El título está sacado de un libro que se encuadra dentro del pensamiento postmoderno español: «Mientras los dioses no cambien, nada habrá cambiado», de Sánchez Ferlosio, donde se cuestiona el rumbo inequívoco hacia el progreso de la Historia.

—Explica en qué sentido te ha influido Japón para escribir la novela. Hay ocasiones en las que bebes de Murakami.

—De Murakami no mucho. Sus personajes necesitan cinco páginas para preparar un bol de arroz. A los míos les sobra con una sola frase. Pero sí, Japón me ha cambiado. No solo desde que vivo aquí. Ya antes. Mi mujer es de aquí. Llevo años estudiando la cultura y el idioma. Pero aparte, me crié, como mucha gente de mi generación, viendo series japonesas. Japón forma parte de nuestra educación sentimental. Aunque sospecho que ese Japón que conocimos a través de la televisión de los 90 ya ha desaparecido.

—¿Cómo es escribir una novela en una ciudad como Tokio? No parece fácil.

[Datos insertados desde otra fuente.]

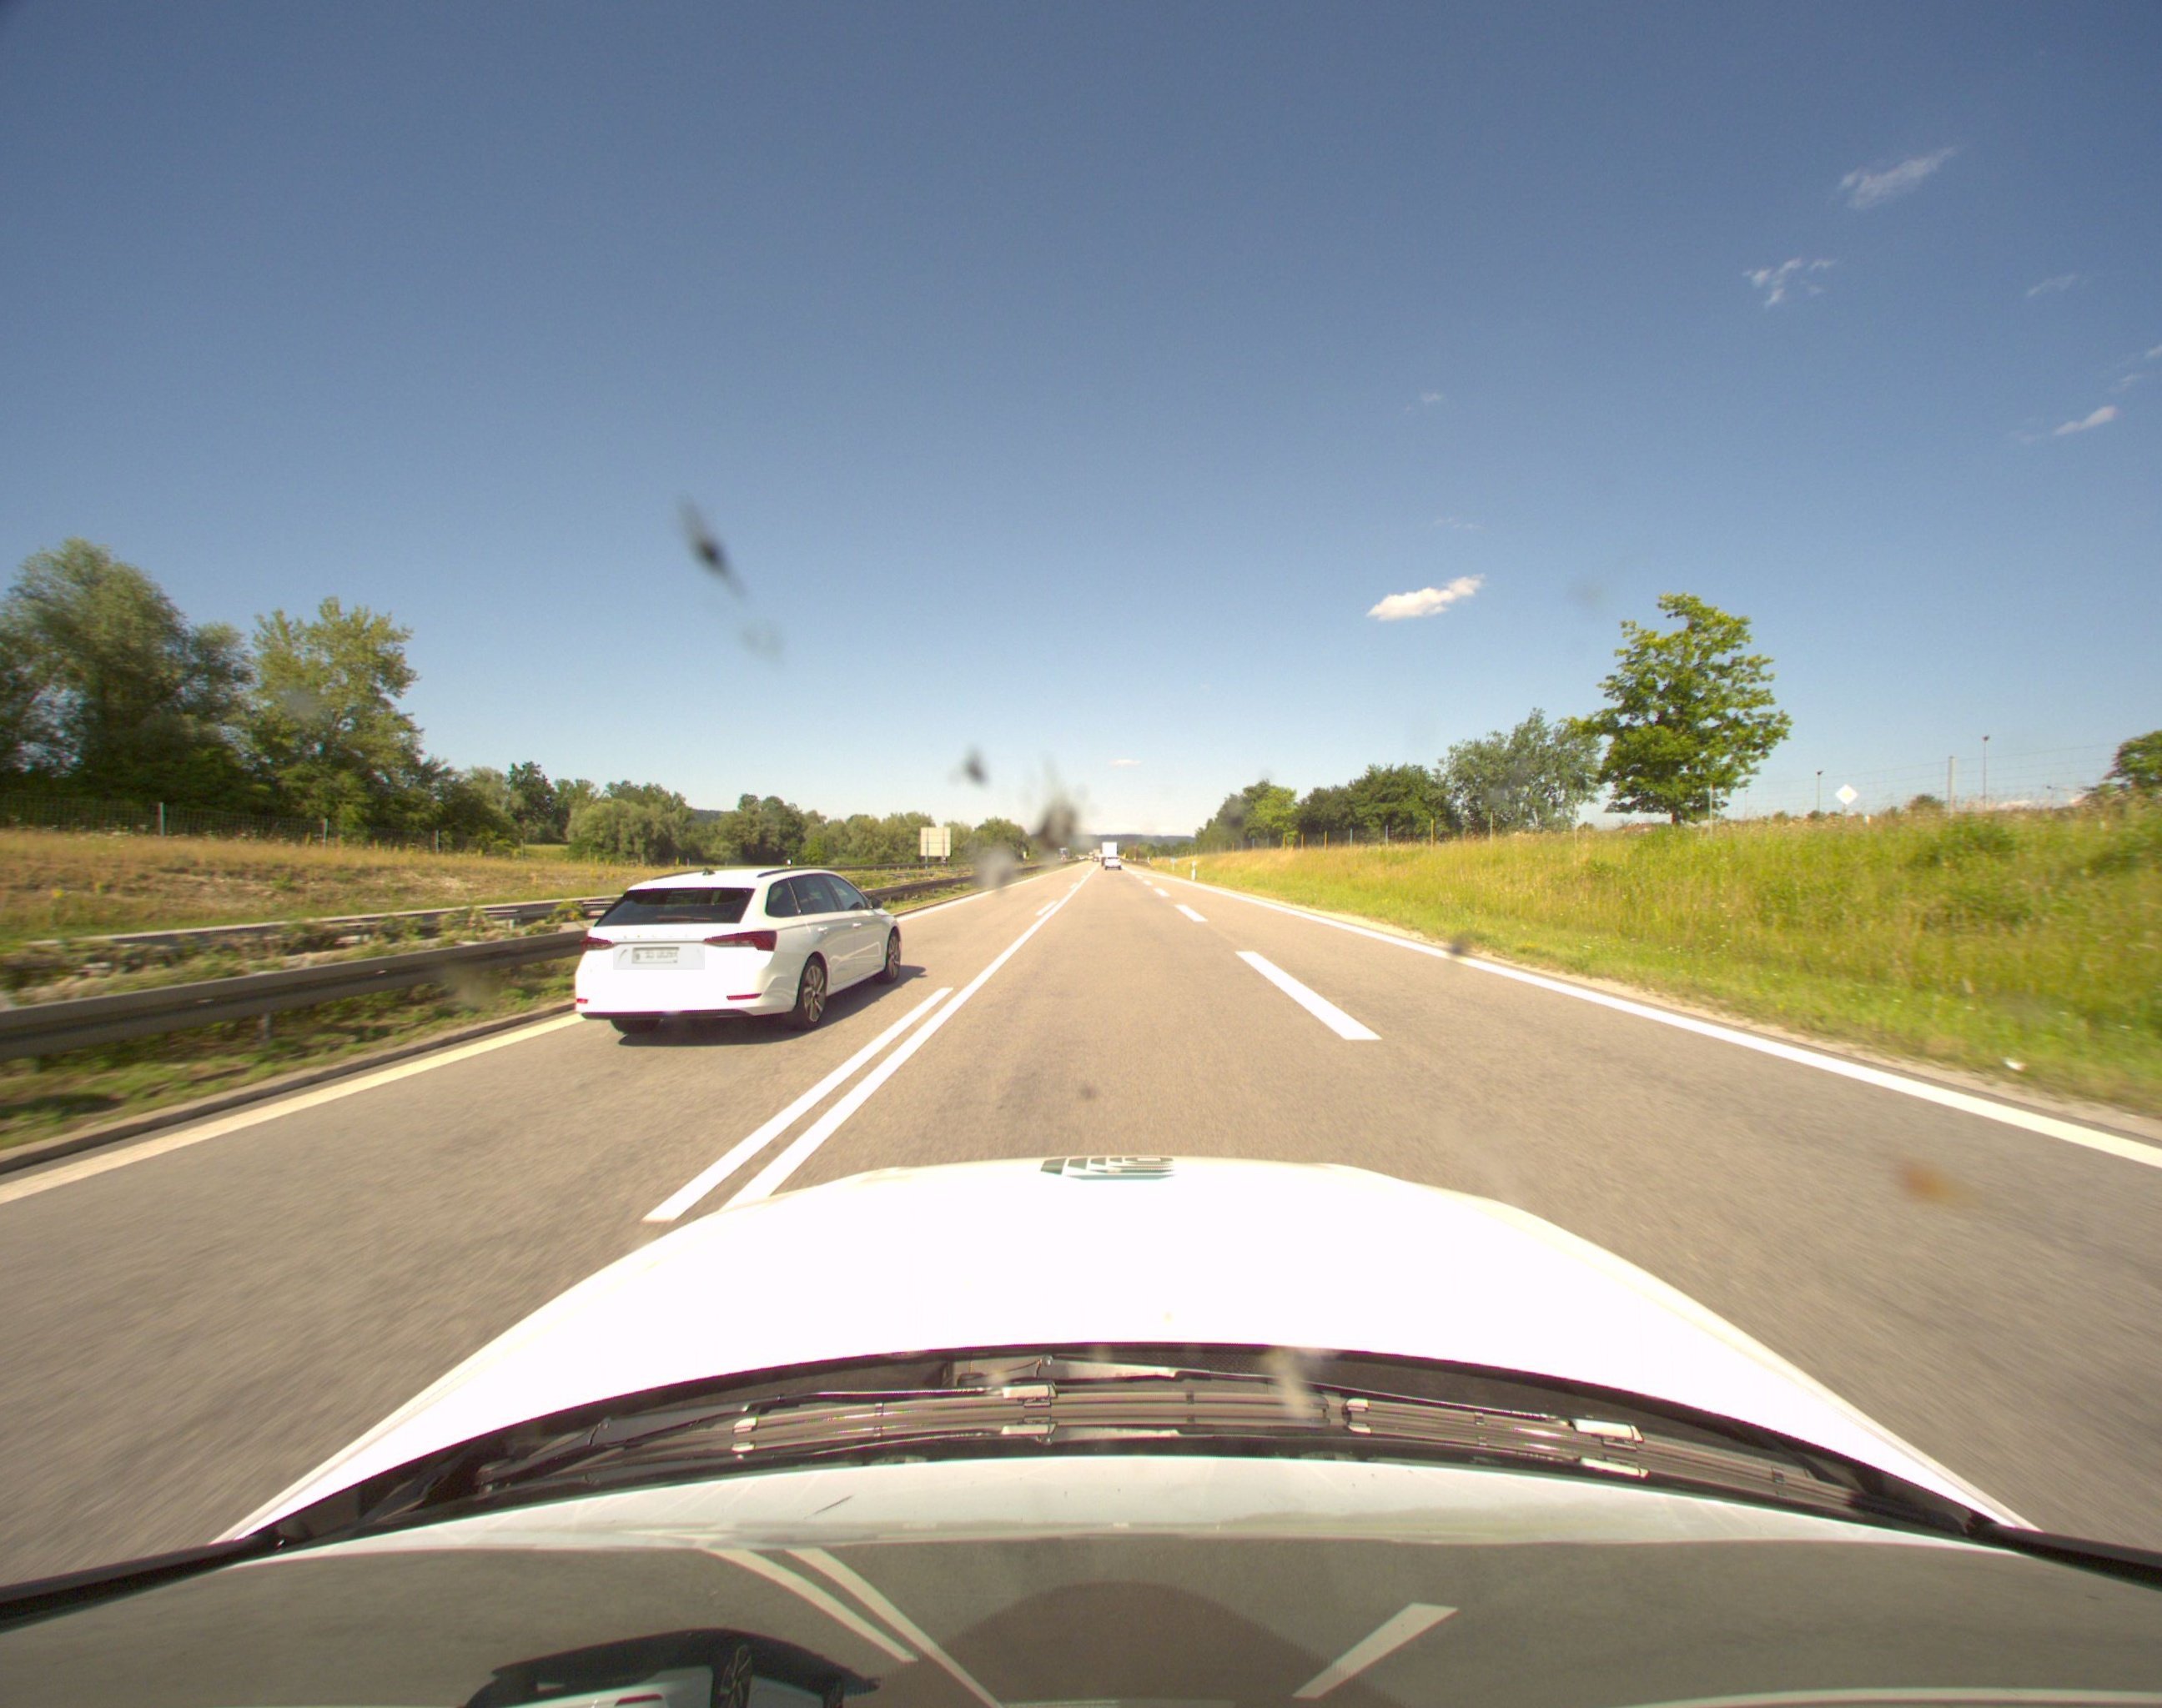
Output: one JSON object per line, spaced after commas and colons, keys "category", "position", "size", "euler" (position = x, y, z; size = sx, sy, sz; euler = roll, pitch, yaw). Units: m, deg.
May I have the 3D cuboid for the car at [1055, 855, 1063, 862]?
{"category": "car", "position": [-6.147, 1.244, 227.936], "size": [1.842, 1.803, 4.873], "euler": [-2, 1, 2]}

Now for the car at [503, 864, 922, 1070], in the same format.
{"category": "car", "position": [-3.207, 0.859, 8.570], "size": [1.833, 1.421, 5.257], "euler": [-1, 0, 2]}

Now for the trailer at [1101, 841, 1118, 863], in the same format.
{"category": "trailer", "position": [5.370, -0.325, 150.483], "size": [2.807, 3.966, 14.169], "euler": [-1, 0, 3]}

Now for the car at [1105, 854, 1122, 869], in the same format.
{"category": "car", "position": [3.533, 0.802, 88.871], "size": [1.678, 1.496, 4.989], "euler": [3, 1, 2]}

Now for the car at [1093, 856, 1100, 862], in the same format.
{"category": "car", "position": [4.353, 1.355, 223.576], "size": [1.764, 1.421, 4.497], "euler": [1, 0, 2]}

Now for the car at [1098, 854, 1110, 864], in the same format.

—Mis últimos 10 años en España viví en Madrid, y comparado con eso, Tokio es un lugar tranquilo y sosegado. Madrid tiene un ritmo de vida demasiado agresivo. Es una ciudad que me encanta y llena de gente maravillosa, pero no entiendo que alguien pueda vivir en Madrid y encerrarse en casa a escribir. Tokio, por el contrario, salvando el tema de las distancias (ir de un sitio a otro puede llevarte buena parte del día), es un lugar perfecto para estar solo. Además, aquí el teléfono suena mucho menos y no hay cada dos días una fiesta a la que me apetezca ir. Aquí es relativamente sencillo aislarse.

—Este es el libro más largo que has escrito. ¿Vas a tomarte un descanso o ya estás preparando el siguiente?

—Es el más largo y también el más ambicioso. Cuando empecé a escribir no tenía nada pensado. Fui improvisando, que es lo que suelo hacer, lo que mejor me funciona. A medida que iba avanzando, se me iban ocurriendo circunstancias que me gustaban y desechaba otras que no me convencían. Así que tenía que retroceder constantemente para preparar cada situación, porque a menudo me encontraba con la resolución de problemas que aún no había planteado. Con todo, lo pasé fatal escribiendo los cuatro últimos capítulos. Llegué a pensar que no conseguiría terminar. Todavía algunas mañanas me levanto y lo primero que hago es comprobar que estén ahí, en su sitio. Estoy muy orgulloso de esos capítulos. Es la primera vez que estoy orgulloso de algo que haya escrito.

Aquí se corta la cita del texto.